Your DS needs to see you stand up for yourself, you needs to see yourself stand up for yourself. Your son is now an adult and the mindset that you adopted when he was a child has its limitations now.

Lakitu101 · 15/01/2018 09:42

What the hell man? Shock I just don’t get people like that, what on earth was she trying to achieve? There is no way I would let that slide, I understand that DS needs you to feel supportive, but you also need support from him in this case, and no one has the right to make you feel the way she did.

Isetan · 15/01/2018 09:42

I agree with AF, if your DS won’t have a word, you must. Start as you mean to go on, if you accept this shit now, you’ll be accepting it in the future.

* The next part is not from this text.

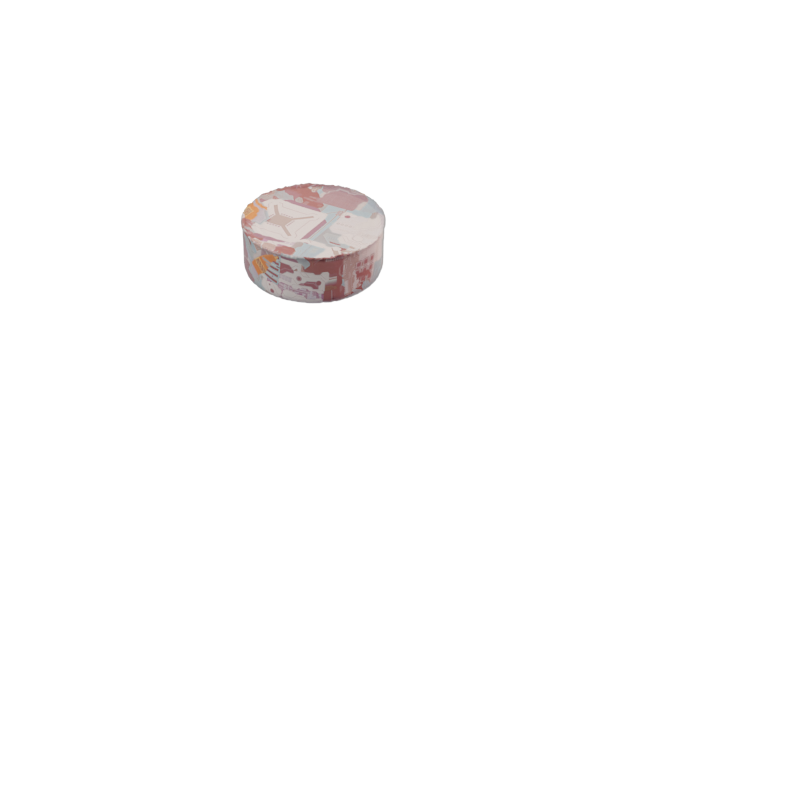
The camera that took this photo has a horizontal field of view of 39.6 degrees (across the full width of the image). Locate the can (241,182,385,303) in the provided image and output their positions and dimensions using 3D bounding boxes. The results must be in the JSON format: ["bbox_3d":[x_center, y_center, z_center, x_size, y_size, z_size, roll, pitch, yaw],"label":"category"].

Better to say something now, so everyone including your son knows where your boundaries are.

Calling her clumsy and socially inept is far too kind and if she is genuinely either of those things, you would be doing her a service by pointing it out.

Op you can not protect your son by giving someone permission to disrespect you by letting nudge, nudge, wink, wink comments about your traumatic past, go unchallenged.

Urgh, what an unpleasant woman.

AFistfulOfDolores · 15/01/2018 09:44

No, you are not overreacting, OP.

I also disagree with those posters who suggest it's an awkward inroad to create intimacy.

Actually, I think her response was meddling, and a thinly veiled criticism that you haven't told her "all the gory details" about him. Entirely passive aggressive.

pullingmyhairout1 · 15/01/2018 09:49

You are not a loser. You are a survivor. I'll go against the grain here. I think the next time she has a dig you should ask her why she would want to discuss an abusive man. I was you. You are stronger than you think!

ravenmum · 15/01/2018 09:56

Probably a bit late to do anything about this particular incident now, but it sounds like you are struggling with a long history of her being patronising. I think you need to find a more satisfying response than smiling and ignoring, and be ready to use it next time it comes up.

If your son witnessed this example, perhaps you could mention how inappropriate you found it, just without making it into a big drama. Something like "Marjorie can be really unsubtle sometimes, can't she? I didn't know what to say when she made the comment about your dad!" Just to acknowledge the fact that you found it unpleasant. You don't have to make her out to be a witch, or say that you can't stand her.